Here is a brief simulation in R, which may help you visualize the process. It is based on a million repetitions of your experiment. Answers should be accurate to two or three significant digits.
m = 10^6; y = numeric(m)
for(i in 1:m) {
n = sample(1:6, 1) # how many dice to roll
y[i] = sum(sample(1:6, n, rep=T)) }
mean(y)
## 12.24234 # aprx E(Y) = (3.5)^2 = 12.25
sd(t)
## 6.774848 # aprx SD(Y) = sqrt(45.9375) = 6.778
mean(y < 7)
## 0.253512 # aprx P(Y < 7)
pnorm(6.5, 12.25, 6.778)
## 0.1981263 # useless normal approximation
A relative frequency histogram of the million simulated totals suggests its pdf, which is only 'partly normal'. (In my experience, assuming 'some kind of CLT' and trying to fit a normal curve is not a feasible way to get probabilities for such random sums.) The values 1 through 6 arise from getting a 1 on the initial die.

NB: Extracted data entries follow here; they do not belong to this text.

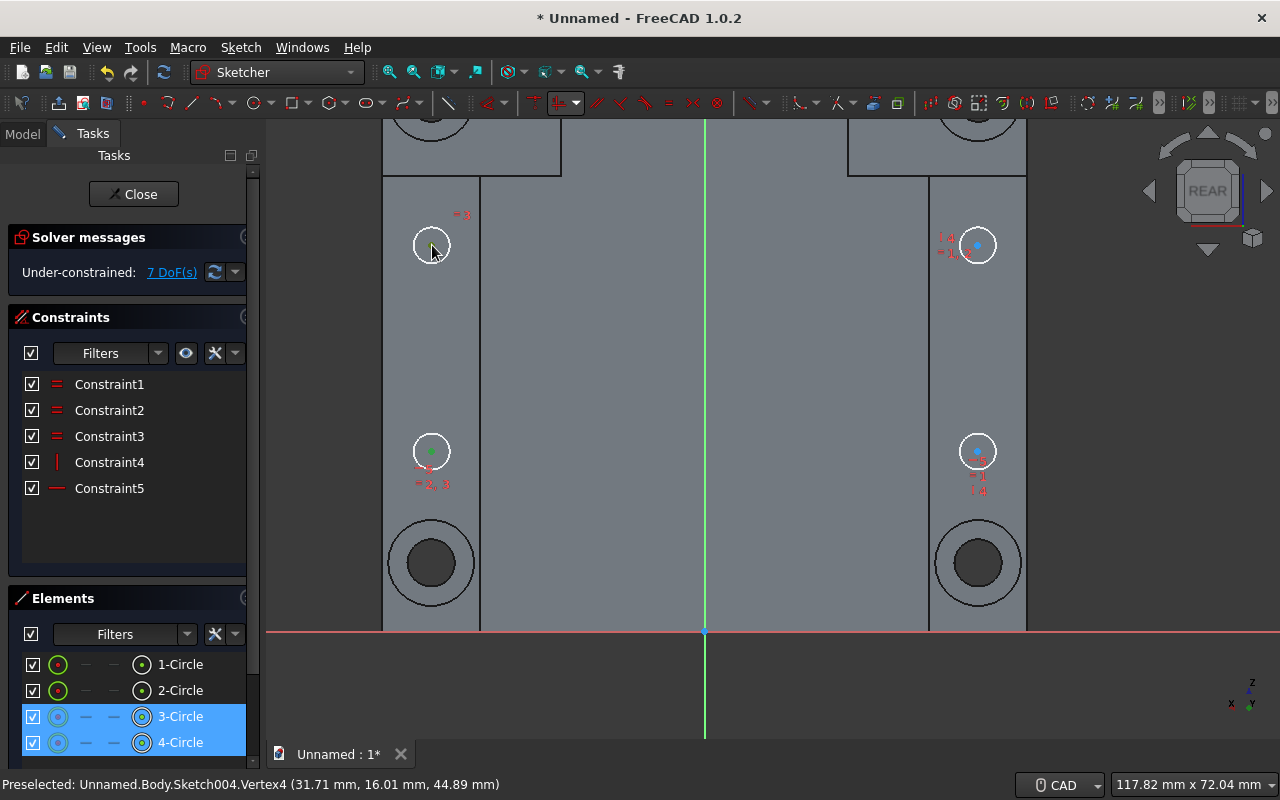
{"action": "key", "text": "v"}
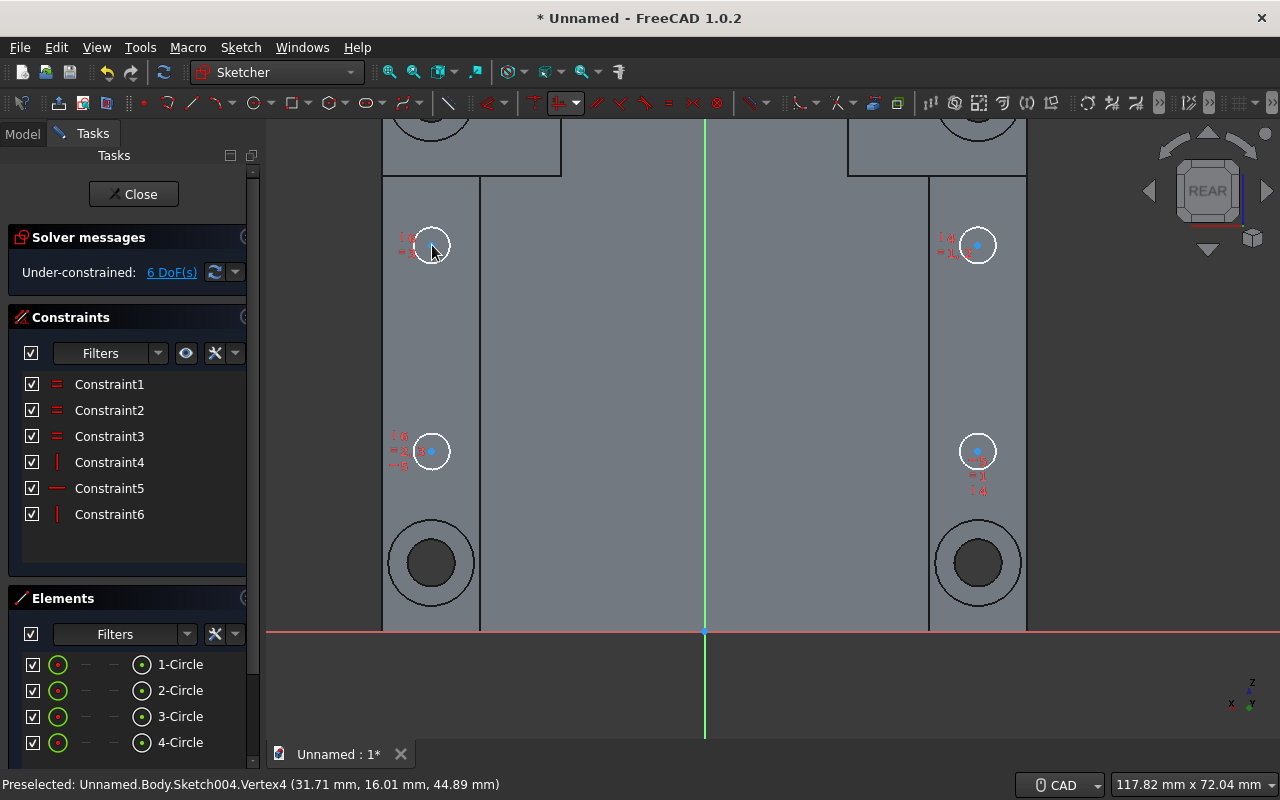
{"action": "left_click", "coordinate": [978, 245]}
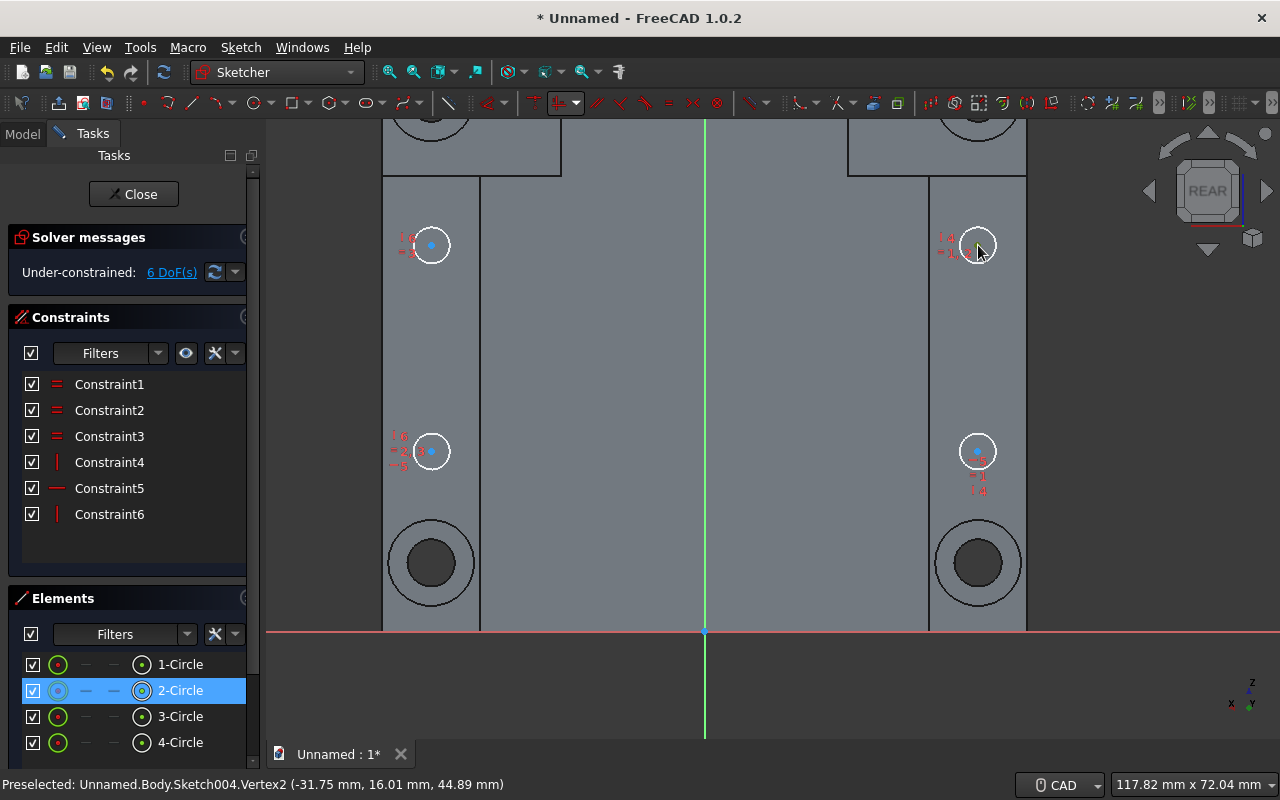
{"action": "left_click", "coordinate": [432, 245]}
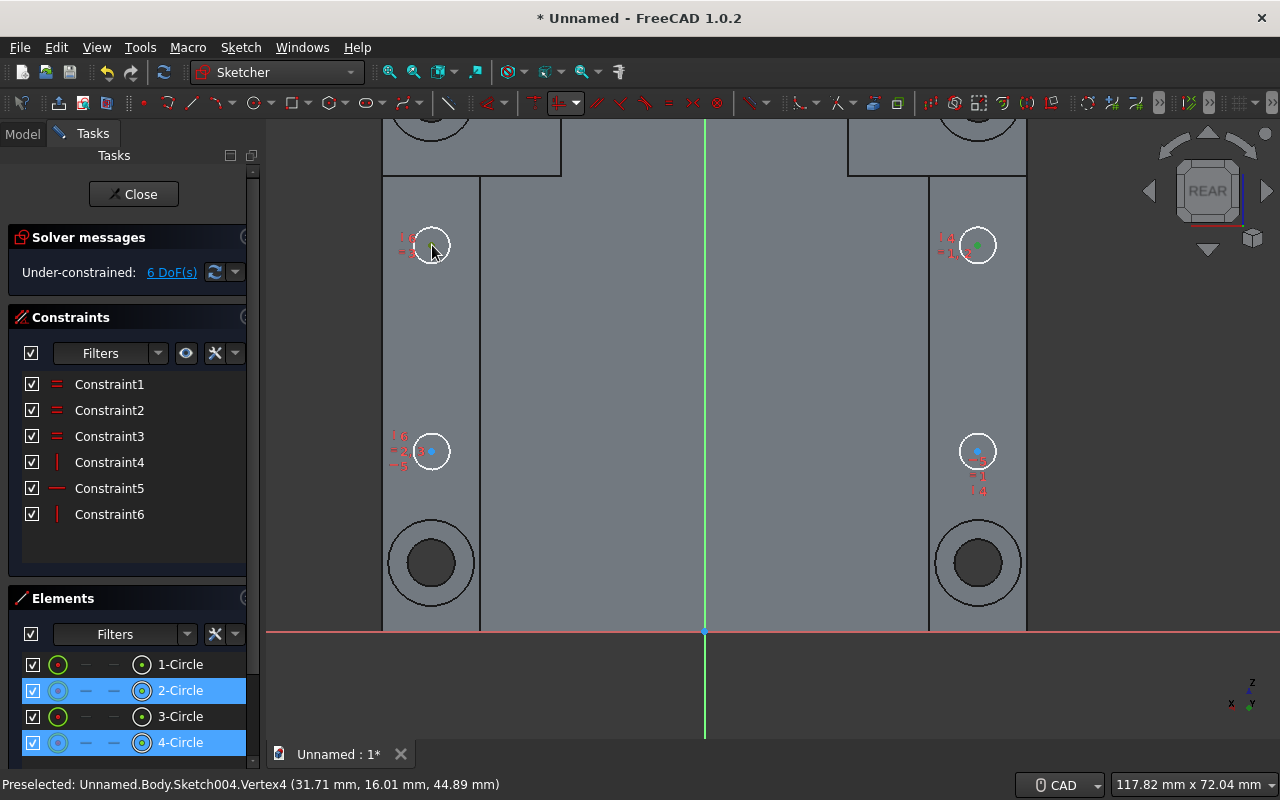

The largest possible value 36 can result from getting a six on the first die and on all six resulting dice rolls (this occurred 4 times in a million experiments).
Let $N$ take values in the natural numbers and $X_i$ be iid as the other variable; you want the variance of $Y=\sum_{i=1}^N X_i$. The conditional variance formula gives $$Var(Y)=Var(E(Y|N))+E(Var(Y|N))\\ =Var(NE(X_1))+E(NVar(X_1))\\ =(EX_1)^2Var(N)+Var(X_1)EN.$$
In case $N, X_i$ are taken from dice rolls, I get $EX_1=EN=\sum_{i=1}^6i/6=7/2,$ $VarX_1=VarN=\sum i^2/6-(7/2)^2=91/6-49/4$, $VarY=(91/6-49/4)(63/4)$.